**Task brief**.
Retype, exactly as written, every line from the one containing "3) box [280,186,356,275]" through the last line of the records below, both included; skip the pictures.
(Supplied entries Opens)
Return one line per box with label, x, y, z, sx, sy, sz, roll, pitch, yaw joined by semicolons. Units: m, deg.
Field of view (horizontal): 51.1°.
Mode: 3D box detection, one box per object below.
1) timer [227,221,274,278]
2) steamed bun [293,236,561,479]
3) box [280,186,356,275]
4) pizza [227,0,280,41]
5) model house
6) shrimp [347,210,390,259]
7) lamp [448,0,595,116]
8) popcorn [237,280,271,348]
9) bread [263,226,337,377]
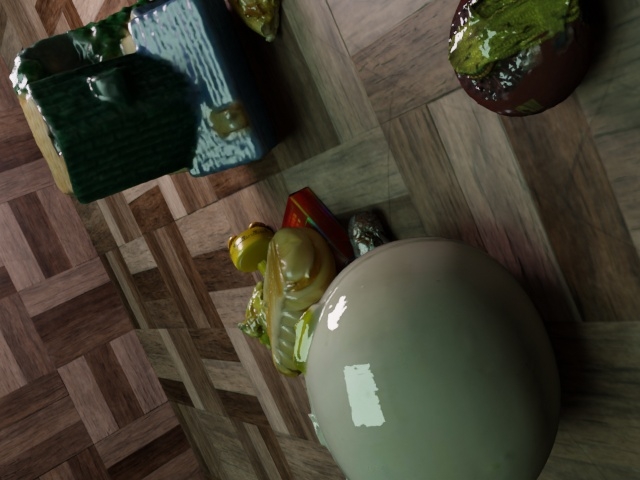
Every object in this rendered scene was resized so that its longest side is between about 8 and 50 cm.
(Supplied entries Closes)
**Expected answer**.
3) box [280,186,356,275]
4) pizza [227,0,280,41]
5) model house
6) shrimp [347,210,390,259]
7) lamp [448,0,595,116]
8) popcorn [237,280,271,348]
9) bread [263,226,337,377]
Every object in this rendered scene was resized so that its longest side is between about 8 and 50 cm.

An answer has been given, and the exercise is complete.